Lower prevalences of symptoms were found among employed compared with ex-miners. Associations with increasing exposure for symptoms of phlegm and past history of tuberculosis were observed, whereas other symptom prevalences were higher in the higher exposure categories. Symptomatic ex-miners exhibited lower lung function compared to the nonsymptomatic.
Compared with published data, symptoms rates were low in current miners but high in ex-miners. Although explanations could include the low prevalence of smoking and/or reporting/selection bias, a “survivor” and/or a “hire” effect is more likely, resulting in an underestimation of the dust-related effect.

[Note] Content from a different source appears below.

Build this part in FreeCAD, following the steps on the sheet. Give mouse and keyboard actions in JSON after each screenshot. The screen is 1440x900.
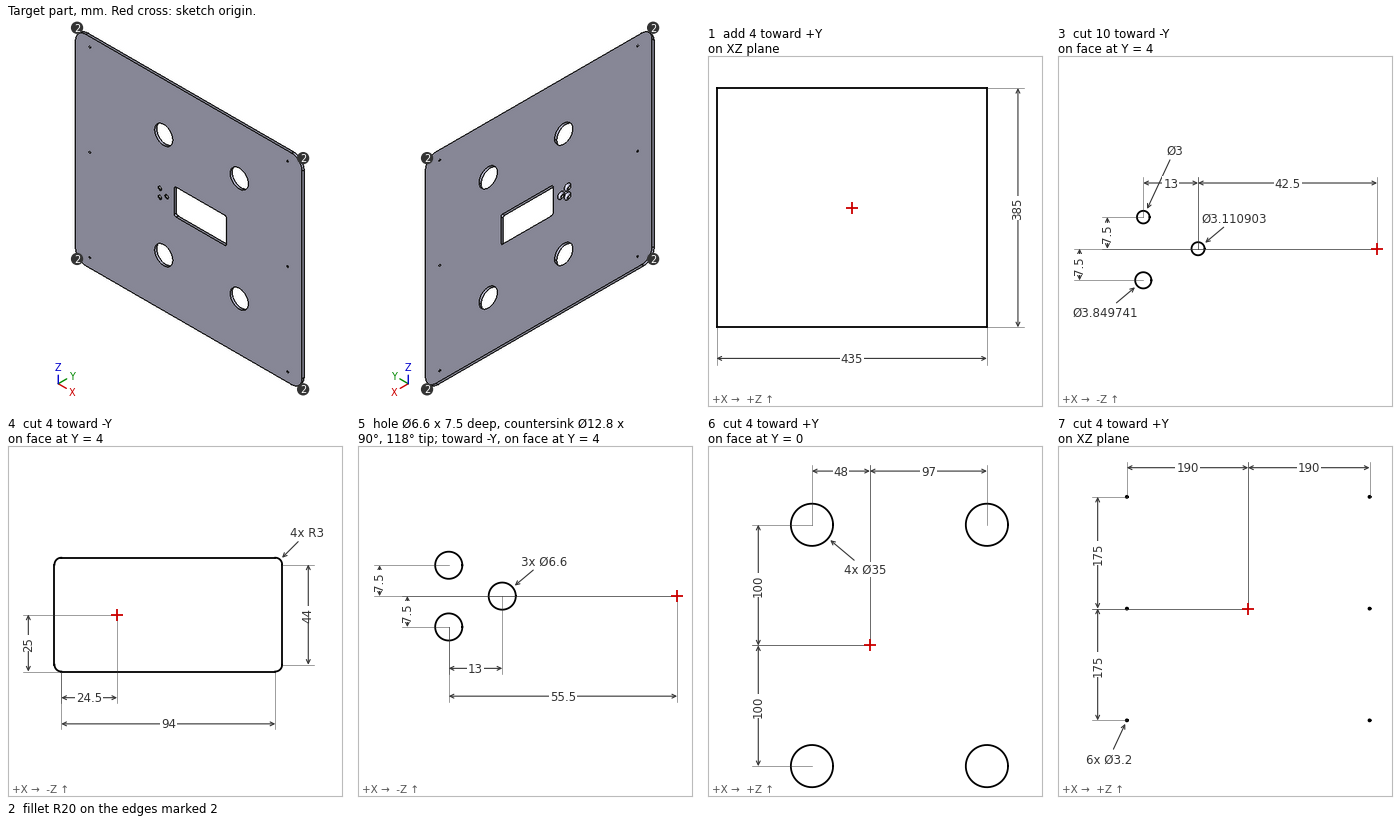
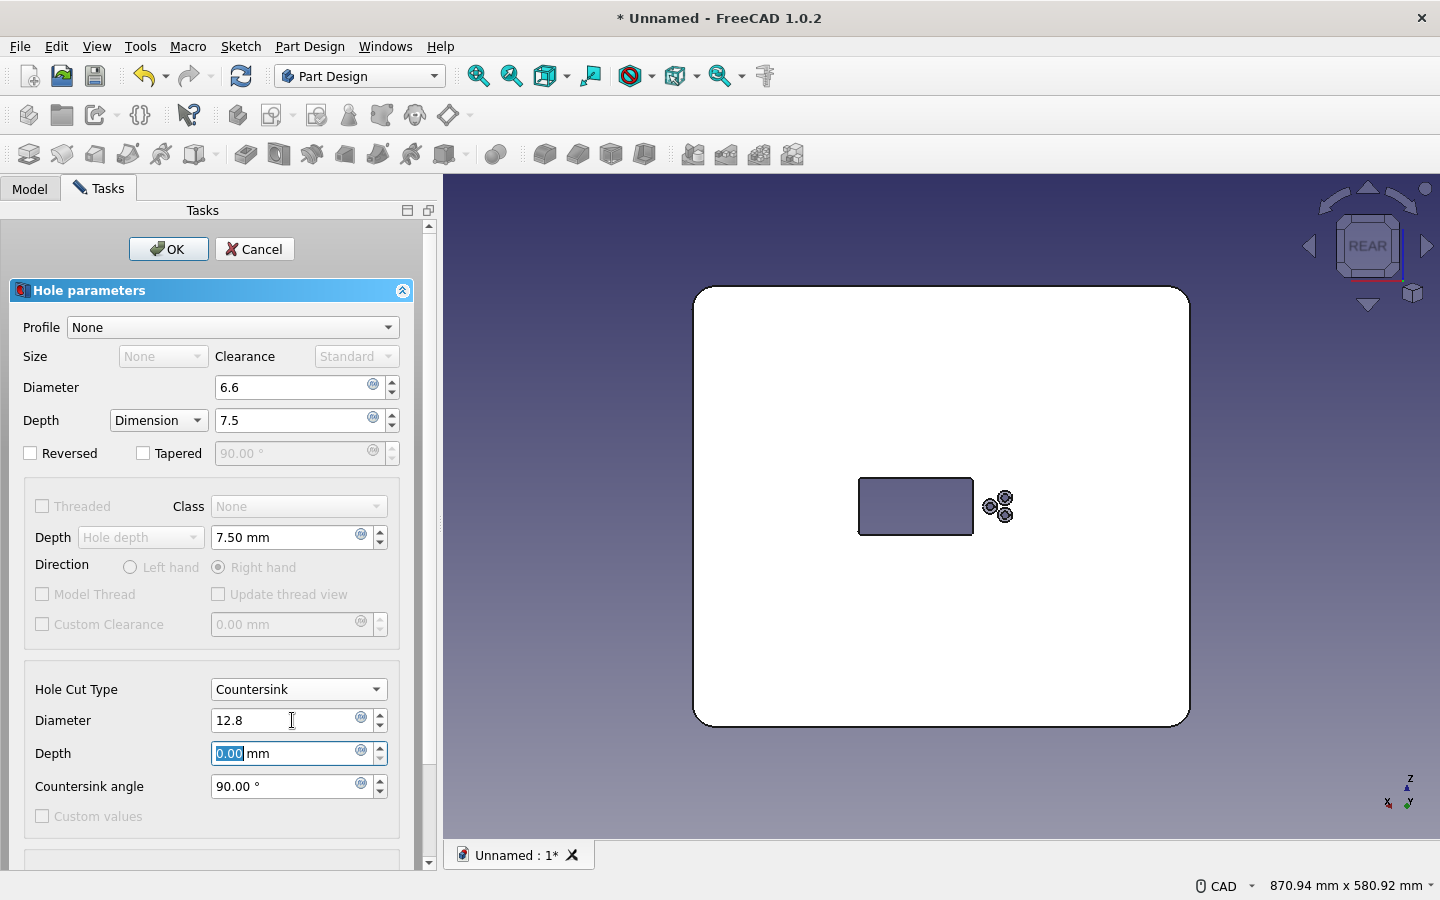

From the Centre for Occupational and Environmental Health, University of KwaZulu-Natal, Congella, South Africa (Dr Naidoo); Department of Environmental Health Sciences, University of Michigan (Dr Robins); Department of Environmental Health, University of Washington, Seattle (Dr Seixas); Department of Medicine, University of KwaZulu-Natal, Congella, South Africa (Dr Lalloo); Respiratory Epidemiology and Clinical Research Unit, Montréal Chest Institute, Montréal, Canada (Dr Becklake); and Departments of Medicine and of Epidemiology, Biostatistics and Occuptional Health, McGill University; Montréal, Canada (Dr Becklake).
Address correspondence to Rajen N. Naidoo, Centre for Occupational and Environmental Health/ Department of Community Health, Nelson R. Mandela School of Medicine, University of KwaZulu-Natal, Private Bag x7, Congella, 4013, South Africa; E-mail: email@example.com.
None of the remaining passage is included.